Revista Panamericana de Salud Pública
Print version ISSN 1020-4989
ARMIJOS, Rodrigo X.; WEIGEL, M. Margaret; QINCHA, Matilde and ULLOA, Bernarda. The meaning and consequences of tuberculosis for an at-risk urban group in Ecuador. Rev Panam Salud Publica [online]. 2008, vol.23, n.3, pp. 188-197. ISSN 1020-4989. http://dx.doi.org/10.1590/S1020-49892008000300006.
OBJECTIVE: To explore knowledge, beliefs, perceptions, and attitudes about tuberculosis (TB) in a high-risk group in Ecuador. This included signs and symptoms, causation, transmission, treatment, treatment adherence, impact on lifestyle and role functioning, and stigma. METHODS: A convenience sample of 212 adults undergoing diagnostic TB testing at a public health facility in Quito, Ecuador, was recruited for the study. Data were collected from subjects during face-to-face interviews using a structured instrument containing closed and open-ended questions. Descriptive and bivariate statistics were used for quantitative analyses; content analysis was used to analyze qualitative data. RESULTS: Most subjects were familiar with TB and some of its characteristics and treatment aspects. However, many also held misconceptions or lacked key knowledge which could adversely affect early diagnosis and treatment and adherence to treatment, and thereby allow the disease to spread. Subject education was the single most important predictor of knowledge, beliefs, perceptions, and attitudes followed by gender, age, and prior disease experience. The subjects linked TB to multiple adverse health, economic, psychological, and social consequences, including stigma. Although none knew if they had TB when interviewed, many reported feeling stigmatized just by being tested. The subjects identified a strong need for formal educational opportunities to learn about TB prevention and control but had little access to these.
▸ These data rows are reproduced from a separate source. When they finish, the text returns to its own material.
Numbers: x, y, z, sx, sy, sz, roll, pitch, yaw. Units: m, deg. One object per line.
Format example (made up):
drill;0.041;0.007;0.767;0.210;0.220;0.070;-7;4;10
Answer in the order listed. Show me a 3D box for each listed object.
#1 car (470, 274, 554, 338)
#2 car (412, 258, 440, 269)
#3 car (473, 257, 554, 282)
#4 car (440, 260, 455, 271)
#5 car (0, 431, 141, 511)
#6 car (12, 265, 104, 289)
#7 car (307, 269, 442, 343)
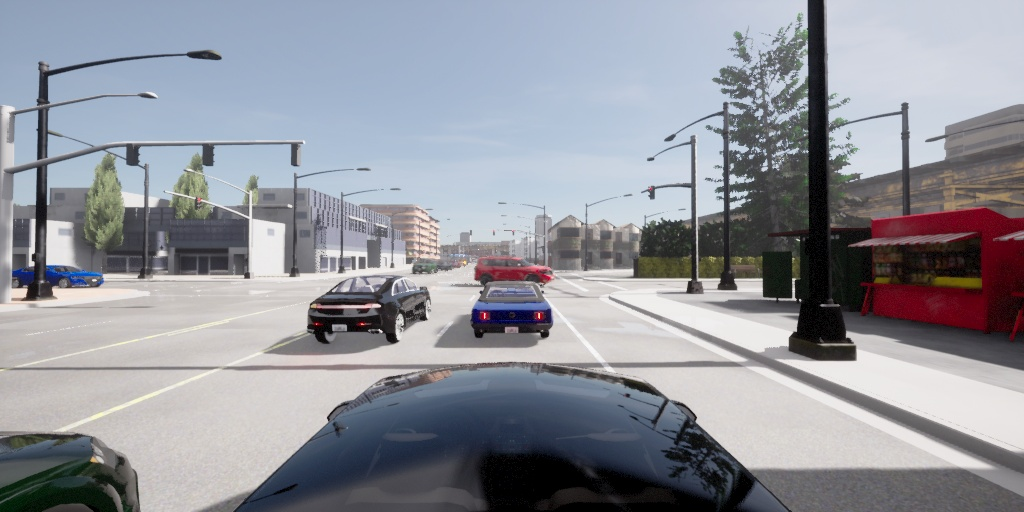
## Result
car;-0.010;1.365;10.185;1.895;1.301;4.718;0;0;0
car;-11.033;1.320;45.500;2.150;2.045;5.566;0;-1;-1
car;0.061;1.089;24.678;5.566;2.045;2.150;0;0;20
car;-11.159;1.642;58.972;1.882;1.535;5.008;0;1;0
car;-3.373;1.314;0.538;1.994;1.385;4.181;0;0;-1
car;-29.746;1.316;23.405;5.008;1.535;1.882;0;-1;0
car;-3.511;1.257;9.707;2.128;1.511;4.902;0;0;0

CONCLUSIONS: The study findings highlight a need for enhanced population access to TB education. Health education and social marketing directed toward increasing TB knowledge and changing perceptions and attitudes could ultimately contribute to improved early diagnosis, treatment adherence, prevention, and decreased stigma. This could be accomplished providing that the public health infrastructure is adequate to meet demands.
Keywords : Tuberculosis, pulmonary [prevention and control]; communicable disease; health promotion; Ecuador.